Discussed at 2013-11-27 freeze exception review meeting: http://meetbot.fedoraproject.org/fedora-blocker-review/2013-11-27/f20-blocker-review-3.2013-11-27-17.01.log.txt . Accepted as a freeze exception issue; hanging on boot is clearly not good, and can't be cleanly fixed post-release.
kernel-3.11.10-300.fc20 has been submitted as an update for Fedora 20. https://admin.fedoraproject.org/updates/kernel-3.11.10-300.fc20
Package kernel-3.11.10-300.fc20: * should fix your issue, * was pushed to the Fedora 20 testing repository, * should be available at your local mirror within two days. Update it with: # su -c 'yum update --enablerepo=updates-testing kernel-3.11.10-300.fc20' as soon as you are able to, then reboot. Please go to the following url: https://admin.fedoraproject.org/updates/FEDORA-2013-22531/kernel-3.11.10-300.fc20 then log in and leave karma (feedback).

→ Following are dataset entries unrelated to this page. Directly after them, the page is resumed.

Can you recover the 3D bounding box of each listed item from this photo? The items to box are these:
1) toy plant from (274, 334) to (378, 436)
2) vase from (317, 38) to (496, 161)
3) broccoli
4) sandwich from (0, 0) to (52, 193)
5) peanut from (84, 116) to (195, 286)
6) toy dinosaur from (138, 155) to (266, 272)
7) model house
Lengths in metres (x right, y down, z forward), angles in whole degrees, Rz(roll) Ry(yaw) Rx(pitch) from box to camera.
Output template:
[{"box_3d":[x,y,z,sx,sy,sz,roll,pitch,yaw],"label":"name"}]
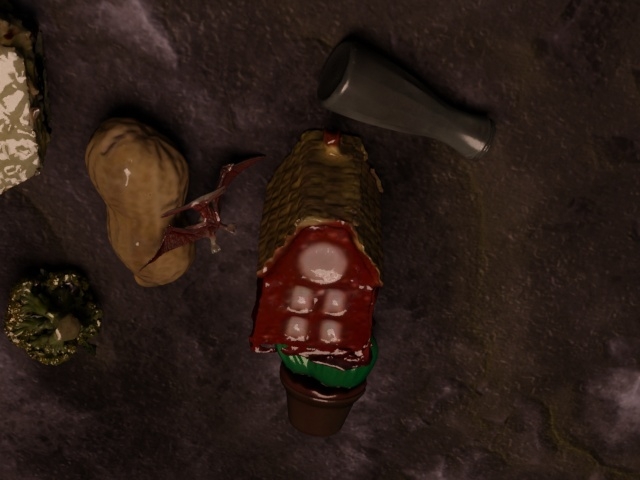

kernel-3.11.10-200.fc19 has been submitted as an update for Fedora 19. https://admin.fedoraproject.org/updates/kernel-3.11.10-200.fc19
kernel-3.11.10-100.fc18 has been submitted as an update for Fedora 18. https://admin.fedoraproject.org/updates/kernel-3.11.10-100.fc18
kernel-3.11.10-300.fc20 has been pushed to the Fedora 20 stable repository. If problems still persist, please make note of it in this bug report.
kernel-3.11.10-200.fc19 has been pushed to the Fedora 19 stable repository. If problems still persist, please make note of it in this bug report.
kernel-3.11.10-100.fc18 has been pushed to the Fedora 18 stable repository. If problems still persist, please make note of it in this bug report.